A small increase in blood creatinine may occur, but this reflects normal creatine metabolism — not kidney damage.
(Kreider et al., 2022; Antonio et al., 2021)
➡️ Do you need to cycle creatine?
Recent research shows no benefit to cycling creatine.
Continuous daily use is considered safe for healthy individuals.
(Kreider et al., 2022)
➡️ When should you take creatine: before or after training?
Some people prefer taking creatine before training, believing it may support available energy, while others prefer taking it after training to support recovery.
At this time, scientific evidence does not clearly show that one timing strategy is superior. Studies mainly suggest that daily consistency matters more than the exact timing.
(Kreider et al., 2022; Candow et al., 2023)
➡️ Is it useful even if you’re not an athlete?
Yes.
Creatine may support functional strength, daily vitality, and help preserve muscle mass with age.
(Candow et al., 2023)
🌿 A simple tool to move better every day
Creatine is not a shortcut or a miracle product.
It’s support.
A supplement that works quietly in the background to help the body perform better, recover better, and progress more effectively.
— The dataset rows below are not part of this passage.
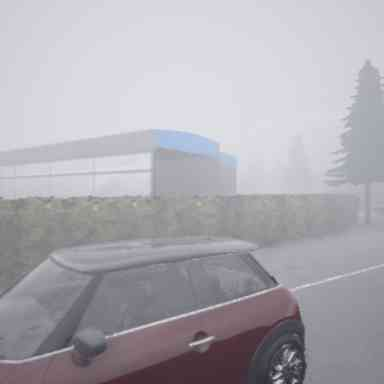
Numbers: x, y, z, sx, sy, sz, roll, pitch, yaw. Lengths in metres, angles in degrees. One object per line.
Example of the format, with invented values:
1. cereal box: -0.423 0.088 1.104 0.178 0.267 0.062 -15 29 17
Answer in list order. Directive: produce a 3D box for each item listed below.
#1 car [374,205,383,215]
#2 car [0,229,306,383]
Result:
1. car: 19.649 1.528 31.346 1.812 1.442 4.674 0 0 -33
2. car: -0.930 1.352 3.362 4.553 1.767 2.097 0 0 -36
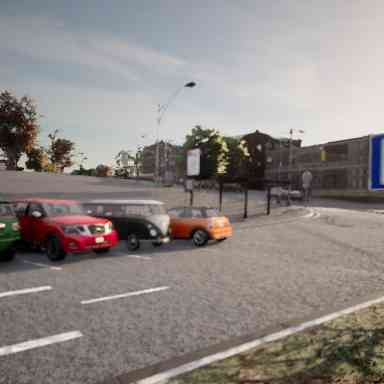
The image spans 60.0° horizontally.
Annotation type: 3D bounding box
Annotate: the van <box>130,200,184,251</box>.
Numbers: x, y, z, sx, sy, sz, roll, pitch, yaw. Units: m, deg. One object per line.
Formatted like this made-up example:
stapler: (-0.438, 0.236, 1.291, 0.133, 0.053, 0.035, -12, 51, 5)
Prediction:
van: (-2.817, 1.336, 14.352, 4.442, 1.987, 1.878, -1, -2, 35)

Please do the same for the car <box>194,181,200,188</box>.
car: (2.282, -1.423, 62.066, 1.946, 1.575, 5.366, 7, 3, 35)

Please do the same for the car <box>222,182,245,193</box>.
car: (7.380, -0.602, 54.524, 2.231, 1.521, 4.892, 7, 3, 35)

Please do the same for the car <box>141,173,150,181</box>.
car: (-8.310, -3.322, 76.571, 2.435, 2.045, 5.566, 8, 3, 34)

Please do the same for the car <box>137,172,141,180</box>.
car: (-10.116, -3.475, 79.028, 2.185, 1.767, 4.553, 6, 2, 33)

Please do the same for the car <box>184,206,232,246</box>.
car: (-0.419, 1.477, 16.115, 4.553, 1.767, 2.185, -1, -1, 35)

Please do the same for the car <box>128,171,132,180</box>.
car: (-13.639, -3.991, 83.830, 2.435, 2.045, 5.566, 2, -2, 34)

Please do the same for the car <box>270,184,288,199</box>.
car: (12.625, -0.031, 47.164, 2.435, 2.045, 5.566, 7, 3, 35)

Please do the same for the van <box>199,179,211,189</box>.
van: (3.871, -1.377, 59.343, 1.878, 1.987, 4.442, 8, 3, 35)

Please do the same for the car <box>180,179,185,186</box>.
car: (0.441, -1.658, 64.378, 2.002, 1.452, 4.674, 8, 3, 34)

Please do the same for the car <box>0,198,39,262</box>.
car: (-7.850, 1.232, 10.950, 5.566, 2.045, 2.435, -1, -1, 34)

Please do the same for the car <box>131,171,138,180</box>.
car: (-11.857, -3.712, 81.490, 2.185, 1.767, 4.553, 4, 0, 33)

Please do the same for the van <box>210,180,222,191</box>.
van: (5.611, -1.102, 56.880, 1.878, 1.987, 4.442, 8, 3, 35)

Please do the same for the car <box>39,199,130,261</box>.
car: (-5.346, 1.272, 12.669, 5.566, 2.045, 2.435, -1, -2, 35)

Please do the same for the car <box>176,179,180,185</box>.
car: (-1.313, -1.933, 66.832, 2.002, 1.452, 4.674, 7, 3, 34)

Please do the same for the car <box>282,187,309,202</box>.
car: (14.324, 0.533, 44.697, 2.002, 1.452, 4.674, 7, 3, 35)

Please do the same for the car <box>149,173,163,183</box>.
car: (-6.451, -2.795, 74.319, 1.946, 1.575, 5.366, 7, 3, 34)
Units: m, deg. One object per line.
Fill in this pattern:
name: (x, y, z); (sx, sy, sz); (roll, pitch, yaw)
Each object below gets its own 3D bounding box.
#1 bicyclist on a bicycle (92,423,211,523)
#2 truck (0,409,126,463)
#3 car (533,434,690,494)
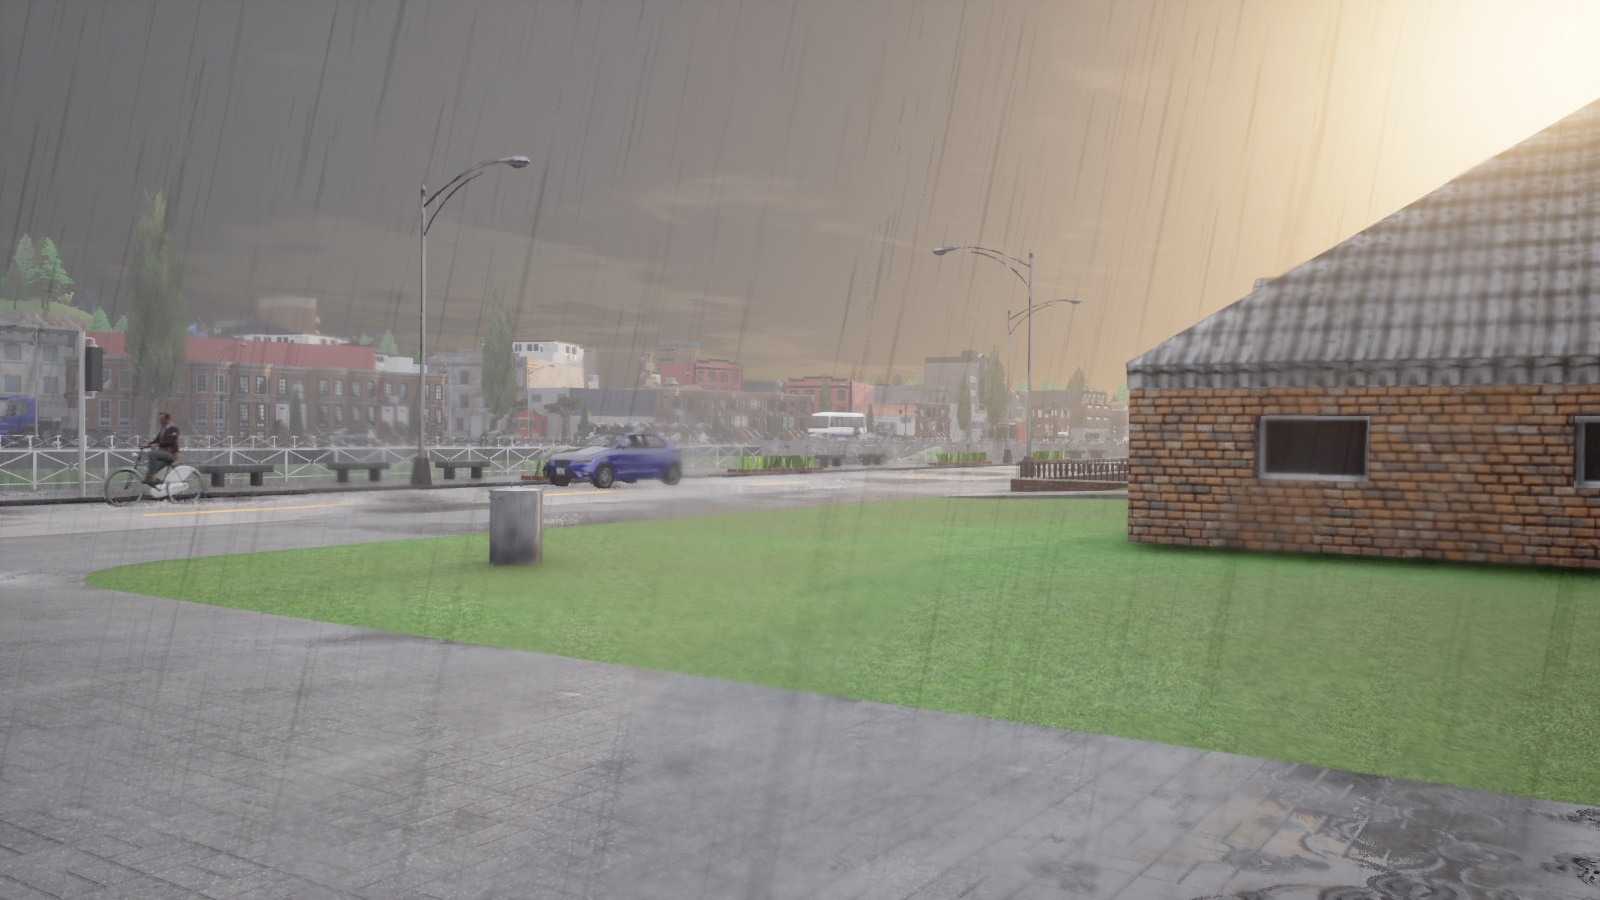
bicyclist on a bicycle: (-11.957, 0.394, 23.195); (0.659, 1.776, 1.843); (0, 1, 34)
truck: (-50.101, -0.950, 84.439); (2.891, 3.462, 7.936); (0, 1, 34)
car: (-4.972, 0.330, 33.714); (1.816, 1.474, 4.193); (0, 1, 34)
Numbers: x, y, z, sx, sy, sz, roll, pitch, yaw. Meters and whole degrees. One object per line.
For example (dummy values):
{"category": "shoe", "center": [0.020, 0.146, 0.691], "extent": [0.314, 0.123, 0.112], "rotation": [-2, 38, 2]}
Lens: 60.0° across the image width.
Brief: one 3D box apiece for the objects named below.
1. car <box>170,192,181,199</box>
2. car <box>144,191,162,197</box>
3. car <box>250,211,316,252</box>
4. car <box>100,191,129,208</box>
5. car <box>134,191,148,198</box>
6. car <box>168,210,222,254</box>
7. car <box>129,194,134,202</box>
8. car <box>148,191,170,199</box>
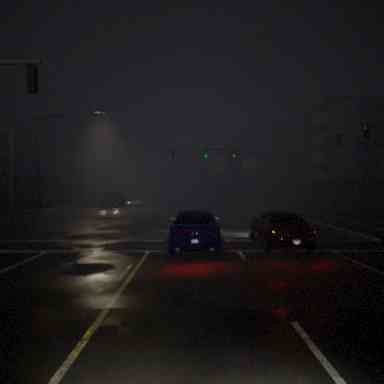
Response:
{"category": "car", "center": [-4.254, 0.785, 75.828], "extent": [1.837, 1.490, 4.892], "rotation": [0, 1, -32]}
{"category": "car", "center": [-9.709, 0.576, 82.980], "extent": [1.812, 1.442, 4.674], "rotation": [-1, 1, -45]}
{"category": "car", "center": [3.619, 1.499, 13.709], "extent": [1.812, 1.442, 4.674], "rotation": [0, 1, 1]}
{"category": "car", "center": [-9.967, 0.916, 42.203], "extent": [2.150, 2.045, 5.566], "rotation": [0, 1, 0]}
{"category": "car", "center": [-12.621, 0.619, 80.968], "extent": [1.837, 1.490, 4.892], "rotation": [-1, 1, -45]}
{"category": "car", "center": [0.118, 1.457, 13.526], "extent": [1.882, 1.535, 5.008], "rotation": [0, 1, 1]}
{"category": "car", "center": [-12.251, 1.042, 60.228], "extent": [1.994, 1.385, 4.181], "rotation": [0, 1, -18]}
{"category": "car", "center": [-7.350, 0.832, 74.193], "extent": [1.812, 1.442, 4.674], "rotation": [0, 1, -32]}
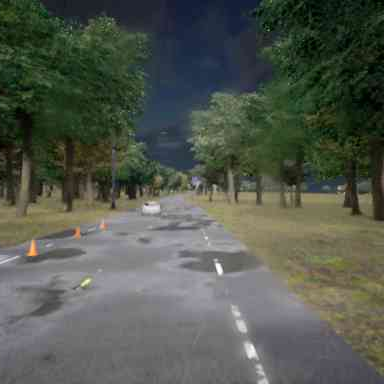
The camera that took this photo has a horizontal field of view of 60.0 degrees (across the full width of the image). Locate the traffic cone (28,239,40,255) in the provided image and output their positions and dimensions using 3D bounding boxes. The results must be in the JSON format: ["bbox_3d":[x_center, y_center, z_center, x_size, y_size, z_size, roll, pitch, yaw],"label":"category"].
[{"bbox_3d":[-5.857,2.019,12.265,0.340,0.580,0.340,0,0,-1],"label":"traffic cone"}]

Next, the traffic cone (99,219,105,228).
[{"bbox_3d":[-5.986,2.073,22.242,0.340,0.580,0.340,0,0,-1],"label":"traffic cone"}]

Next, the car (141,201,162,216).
[{"bbox_3d":[-4.350,1.717,34.871,1.812,1.442,4.674,0,-1,-11],"label":"car"}]
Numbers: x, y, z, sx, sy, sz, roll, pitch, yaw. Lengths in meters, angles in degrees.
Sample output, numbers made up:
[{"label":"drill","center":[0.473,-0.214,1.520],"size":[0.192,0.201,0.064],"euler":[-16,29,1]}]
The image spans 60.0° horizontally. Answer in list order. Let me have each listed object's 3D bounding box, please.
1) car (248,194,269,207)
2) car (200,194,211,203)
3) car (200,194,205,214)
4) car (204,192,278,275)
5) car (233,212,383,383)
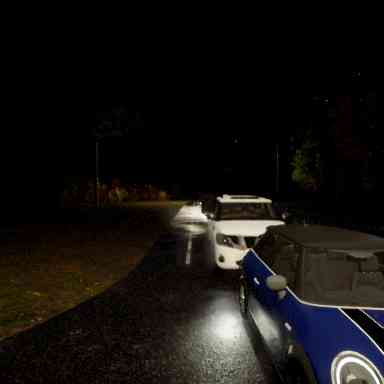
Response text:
[{"label":"car","center":[9.014,1.117,45.588],"size":[2.097,1.767,4.553],"euler":[0,0,1]},{"label":"car","center":[2.595,1.177,62.763],"size":[1.837,1.490,4.892],"euler":[0,1,4]},{"label":"car","center":[1.875,1.303,33.246],"size":[1.882,1.535,5.008],"euler":[0,0,1]},{"label":"car","center":[1.638,1.158,10.562],"size":[2.150,2.045,5.566],"euler":[0,1,0]},{"label":"car","center":[1.929,1.338,4.220],"size":[2.097,1.767,4.553],"euler":[0,0,-1]}]
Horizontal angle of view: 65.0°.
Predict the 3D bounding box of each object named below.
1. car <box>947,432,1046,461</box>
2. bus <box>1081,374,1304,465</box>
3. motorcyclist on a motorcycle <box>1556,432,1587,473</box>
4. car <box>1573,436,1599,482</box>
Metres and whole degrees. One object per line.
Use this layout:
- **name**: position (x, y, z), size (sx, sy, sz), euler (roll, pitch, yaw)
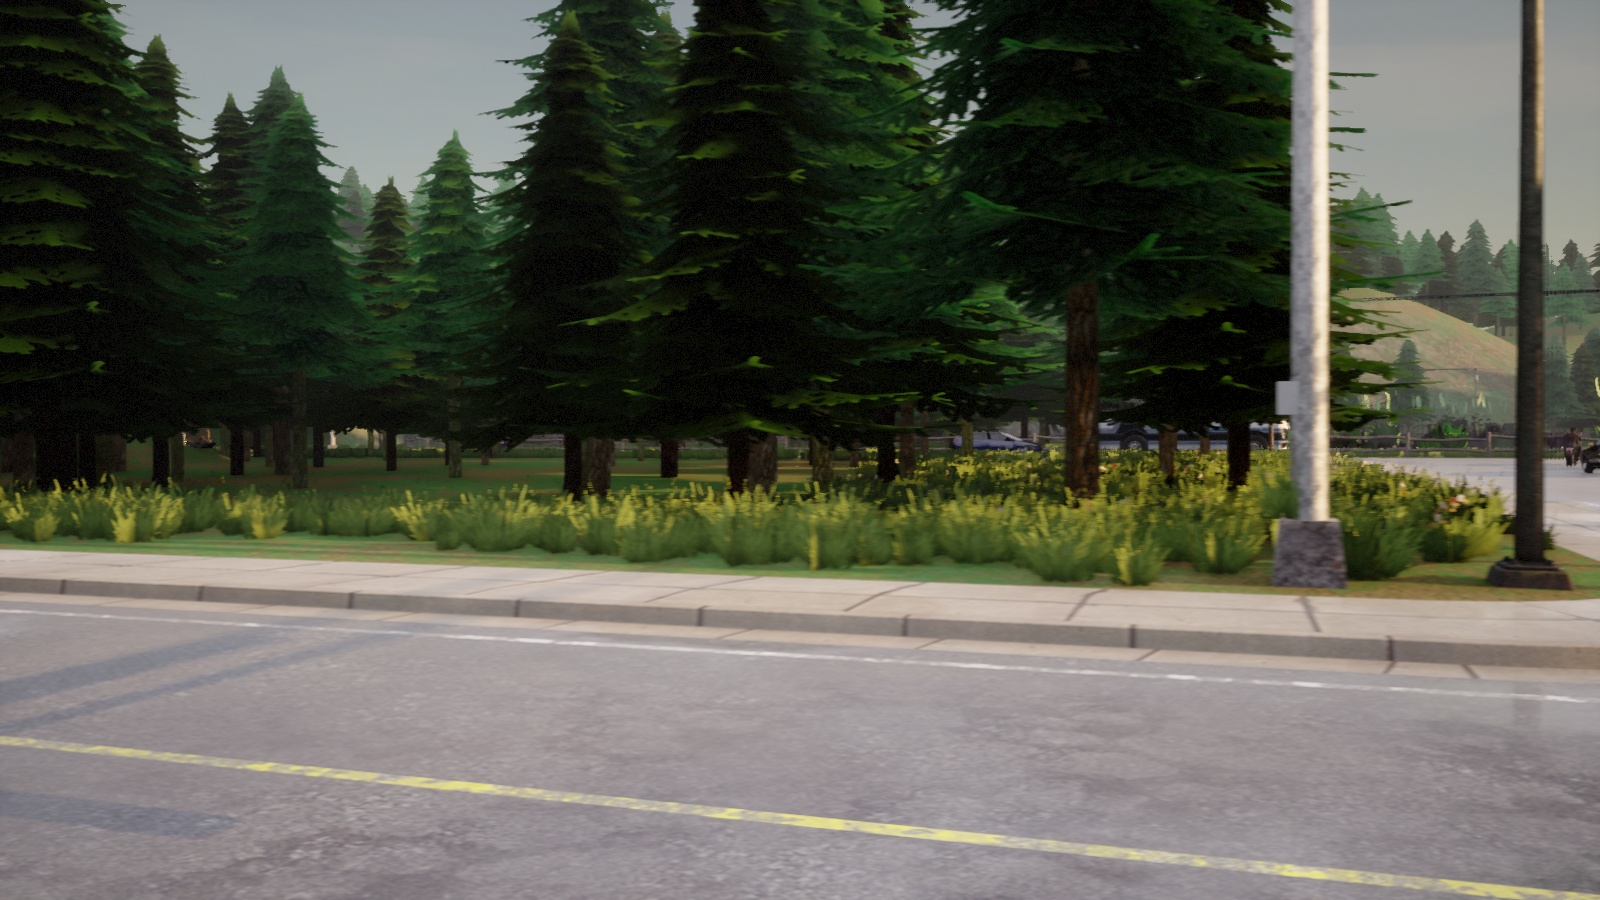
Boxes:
- **car**: position (10.387, -0.206, 66.430), size (4.792, 1.488, 2.163), euler (1, 1, 21)
- **bus**: position (19.562, -1.489, 62.679), size (10.273, 4.253, 3.944), euler (1, 1, 22)
- **motorcyclist on a motorcycle**: position (32.088, 0.085, 52.214), size (0.766, 1.649, 2.350), euler (3, 2, 38)
- **car**: position (27.533, 0.287, 41.754), size (2.163, 1.488, 4.792), euler (1, 1, 20)
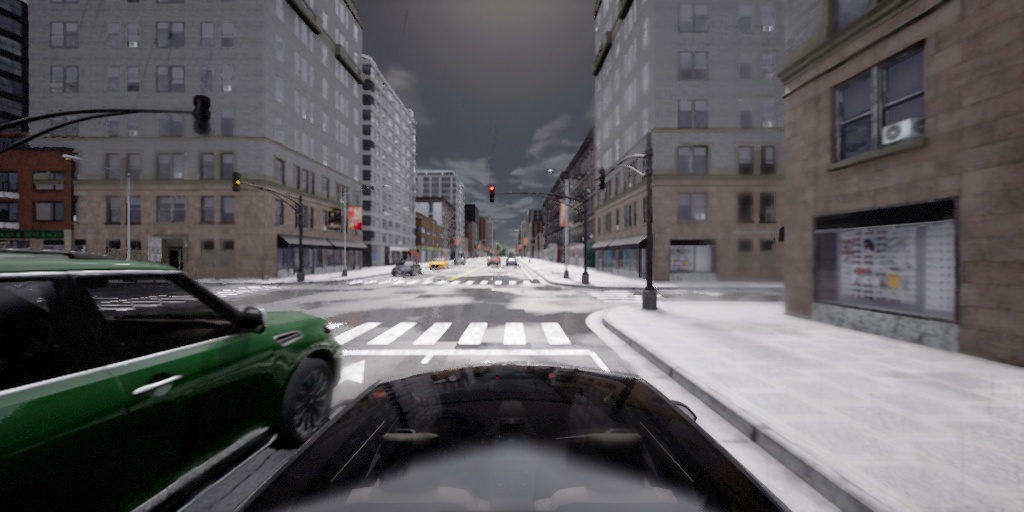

Like sleep, physical activity, and nutrition, it fits into a global approach to health.
📚 Scientific references
Avgerinos, K. I., et al. (2018). Effects of creatine supplementation on cognitive function.
Candow, D. G., et al. (2023). Creatine supplementation and aging muscle: A systematic review.
Chilibeck, P. D., et al. (2023). Effect of creatine supplementation during resistance training: Meta-analysis.
Forbes, S. C., et al. (2021). Creatine supplementation and performance outcomes.
Kreider, R. B., et al. (2022). International Society of Sports Nutrition Position Stand: Creatine Supplementation and Exercise.
Antonio, J., et al. (2021). Safety of creatine supplementation in adults.
Prokopidis, K., et al. (2023). Creatine supplementation and cognitive function.
Steenge, G. R., et al. (2000). Carbohydrate ingestion and creatine retention.